戦後最悪の火山災害となった2014年9月27日の御嶽山噴火から間もなく2年。頂上付近で被災し生還した飯島町の登山ガイド、小川さゆりさん(45)が、著書「御嶽山噴火 生還者の証言」(ヤマケイ新書)を山と渓谷社から出版した。自らの体験や生還者の証言を元に災害を振り返り、そこから得た教訓を伝えている。

小川さんは災害当日、ガイドの下見のために御嶽山へ。頂上付近にある一の池の外輪山、火口から約350メートルの地点で噴火に巻き込まれた。降り注ぐ噴石から身を守るためとっさに岩陰に身を隠すと直後に周辺は火砕流で真っ暗に。「絶対に生きて帰る」との思いを胸に、噴石が収まった隙を逃さずに山を駆け下り生還を果たしたという。

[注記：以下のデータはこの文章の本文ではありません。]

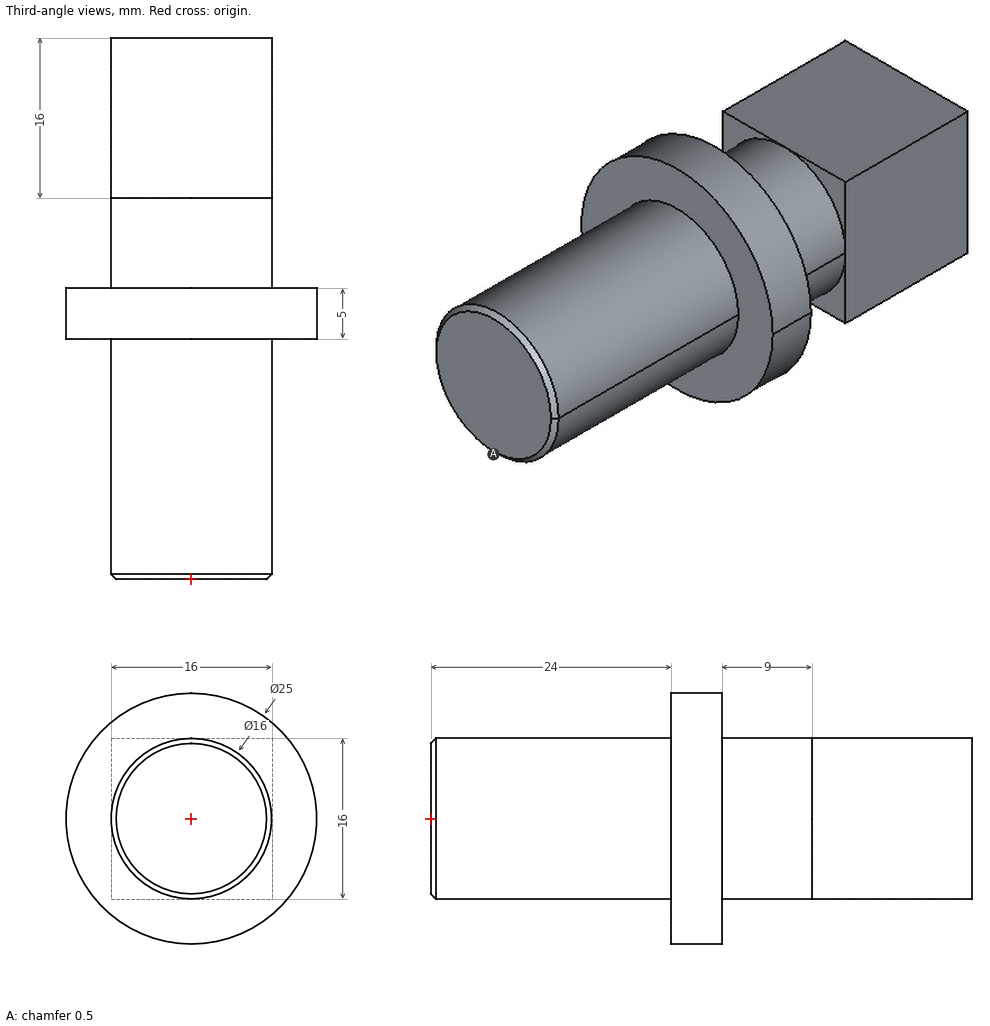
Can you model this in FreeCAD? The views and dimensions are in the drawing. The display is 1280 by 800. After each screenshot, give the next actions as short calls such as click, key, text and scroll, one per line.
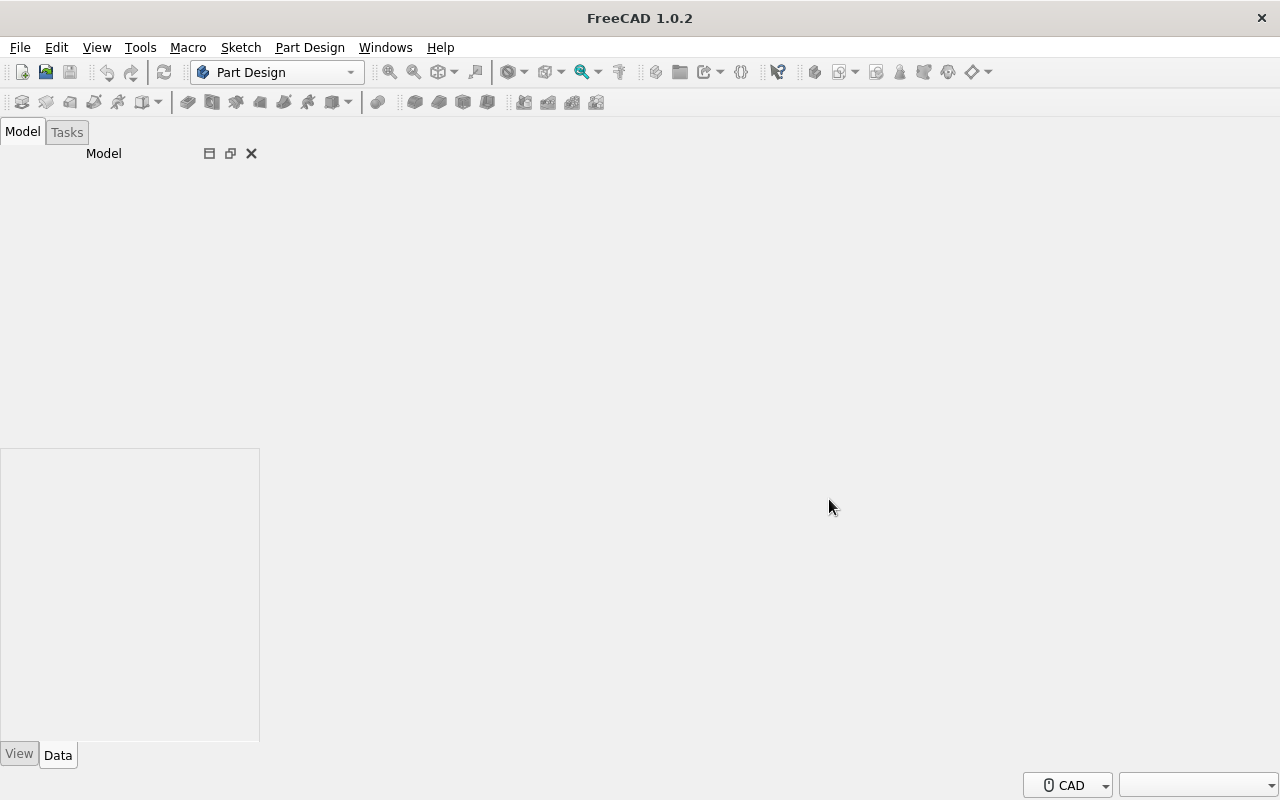
click(22, 72)
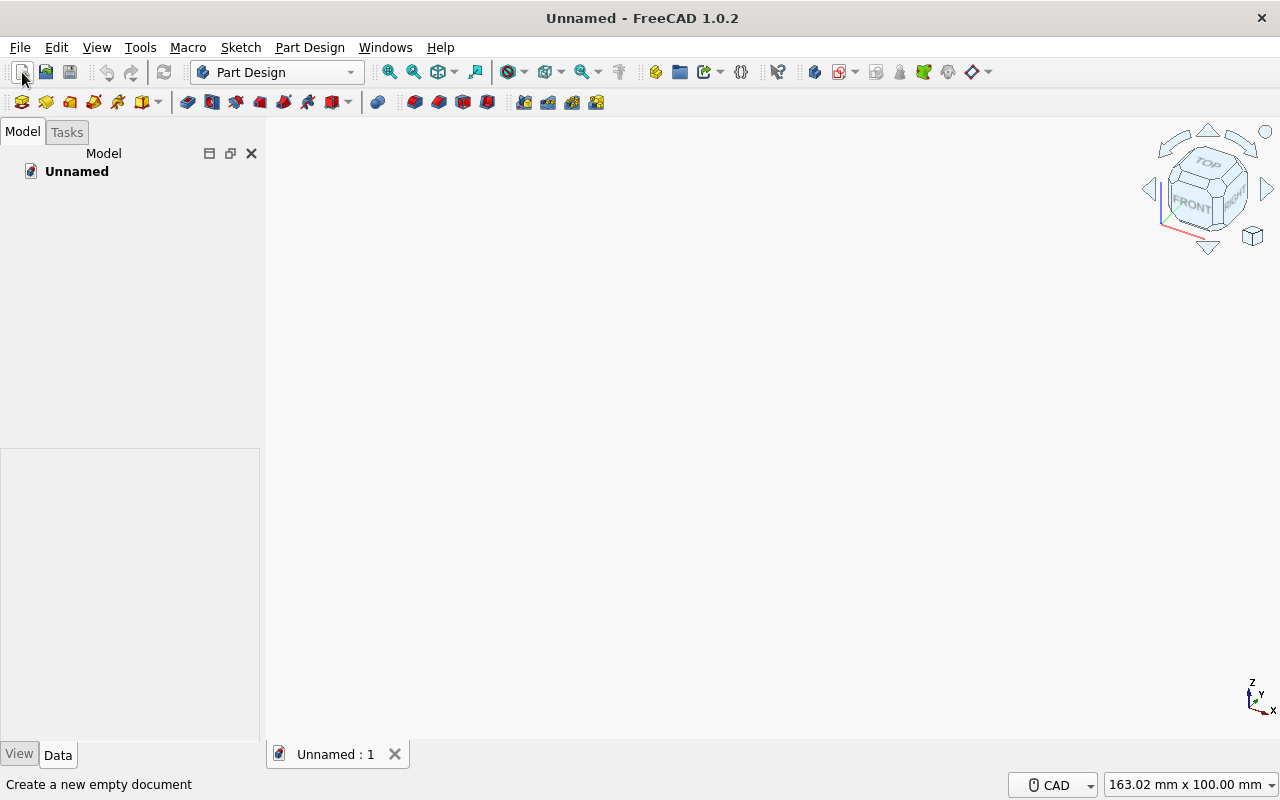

災害を振り返る中で、「噴火を正しく知り、生死を分けた要因を突き止めたかった」と、生還した登山者や山小屋関係者ら20人以上を取材。噴火災害を調べた産業技術総合研究所の及川輝樹主任研究員の分析も加えたところ、小川さんが被災した地点に火砕流が到達したのは噴火から約20秒後だったことが分かった。17人が犠牲になった火口近くの八丁ダルミへの到達時間は約10秒、42人が犠牲になった山頂の剣ケ峰付近は60秒ほどだったという。

証言などから「生還した人たちは、火砕流が到達するまでに岩や建物に身を隠すなど何らかの避難行動を取っていたことが分かった」と小川さん。「危険を感じたらすぐに命を守る行動に移れるよう、危機意識を持つことが大切」との教訓を得たと強調する。

一方、悲惨な現場を目の当たりにしたことから、いまだに自責の念を抱え続ける生還者が少なくないことも分かった。小川さんは「現場は自分の身を守るだけで精いっぱいで、他人を助けるのは難しい状況だった」とし、「多くの人に当時の状況を正しく知ってほしい」と話している。

新書判、252ページ。880円(税別)。書店のほか、22日に駒ケ根市菅の台に開店するアウトドア用品店・アウトドアショップK駒ケ根スポーツ館でも販売する。